You don't need to master Cocoa and Objective C to create killer iPhone apps. Rhomobile, PhoneGap, Appcelerator, and Ansca tools leverage standard Web technologies and still tap native features
The Rhomobile development process is just like building a Ruby on Rails Web application. The phone is both server and client. It has a split personality and is always talking to itself.
The Ruby on Rails developer will feel right at home. You craft your user interface in HTML with embedded commands in .rb and .erb files, then fire them off by typing rake in the command line. You can also use Xcode on the Mac and Eclipse when developing for other platforms. The Rhomobile scripts compile the Ruby code, bundle everything together into an application, sign it, and fire up the simulator for you. The interaction and debug cycle is pretty quick.
The database is not MySQL or an embedded database, but Rhom, an object mapping tool with some basic queries. It's not unlike some of the stripped-down databases like CouchDB that are becoming common. Rhom runs on the phone itself, but it interacts with RhoSync servers using AJAX calls, a technique that allows the local database to back up and update itself with distant servers. This RhoSync tool is also a Ruby on Rails application that you can install on your server. It can serve data to Rhodes applications.

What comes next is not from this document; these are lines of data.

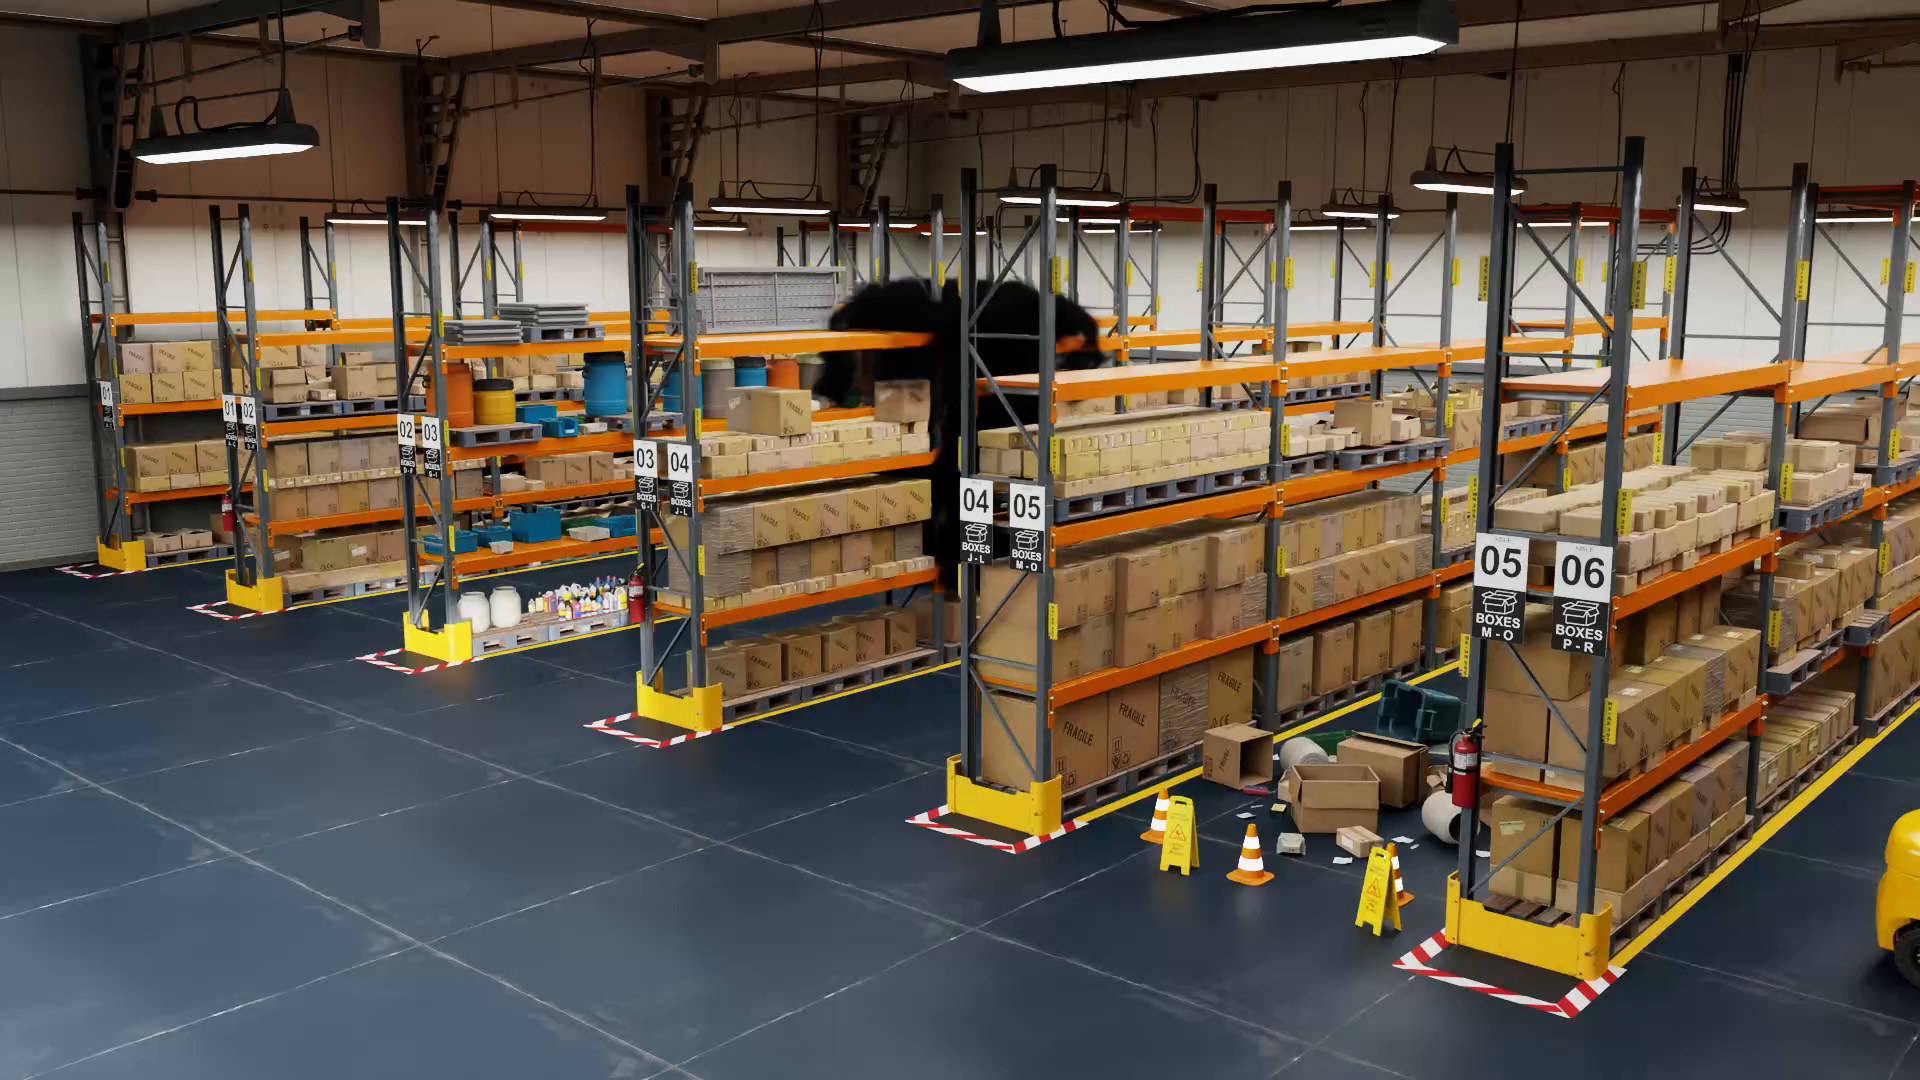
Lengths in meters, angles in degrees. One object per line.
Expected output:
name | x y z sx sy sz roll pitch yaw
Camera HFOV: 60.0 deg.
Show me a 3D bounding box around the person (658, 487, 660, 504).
person | -6.295 -1.399 34.585 0.653 1.680 0.569 8 12 39

I struggled through several basic glitches on my Mac. The application was pretty sensitive to the characters used to end lines, a problem that went away once I forced my editor to go with Unix endings. There's also no simple mechanism for handling 404 errors. The application just crashed whenever it couldn't find a page. It works better if you stay within Xcode. But I found work-arounds for all of the glitches and built some simple applications without problems.
While the goal is to build a home that will be very familiar to the Ruby on Rails programmer, the Rhomobile world is not the same as Rails. If you love to do clever meta programming using the eval instruction, you'll be frequently thwarted because Rhomobile bends over backward to prevent developers from adding new features or functions. Apple wants to thoroughly scrutinize each application before it launches, and functions like eval make it impossible to, well, evaluate the code beforehand. So Rhomobile has left eval out of the Rhodes framework.

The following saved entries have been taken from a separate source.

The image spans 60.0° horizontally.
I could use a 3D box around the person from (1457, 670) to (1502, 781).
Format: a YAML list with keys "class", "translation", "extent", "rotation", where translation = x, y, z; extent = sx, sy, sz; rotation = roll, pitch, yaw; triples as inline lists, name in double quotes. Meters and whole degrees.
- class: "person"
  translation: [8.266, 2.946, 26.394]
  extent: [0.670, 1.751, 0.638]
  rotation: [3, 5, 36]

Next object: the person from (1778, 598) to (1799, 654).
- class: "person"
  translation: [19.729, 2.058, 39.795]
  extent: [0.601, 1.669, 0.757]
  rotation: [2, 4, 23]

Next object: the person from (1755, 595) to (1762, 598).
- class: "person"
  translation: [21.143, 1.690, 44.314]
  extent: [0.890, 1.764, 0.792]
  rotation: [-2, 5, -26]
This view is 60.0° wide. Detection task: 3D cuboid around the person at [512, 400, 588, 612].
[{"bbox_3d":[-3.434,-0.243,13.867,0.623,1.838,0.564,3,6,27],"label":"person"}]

Rhodes is also a bit lighter than many of the traditional Ruby on Rails frameworks. Rhomobile left out XML and Web services, for instance, to save space. After all, the application you create is constantly talking to itself, so there shouldn't be the same need to work with outside standards. If there's no XML parser in the client layer, then don't use XML on the server layer. Tags are the equivalent of arteriosclerosis here.
Rhomobile is also adding new features that let the Ruby/HTML programmer interact with the iPhone's capabilities. It's built out the links to the geolocation information, the contact manager, and the camera. The date/time manager and the ring tone manager are coming.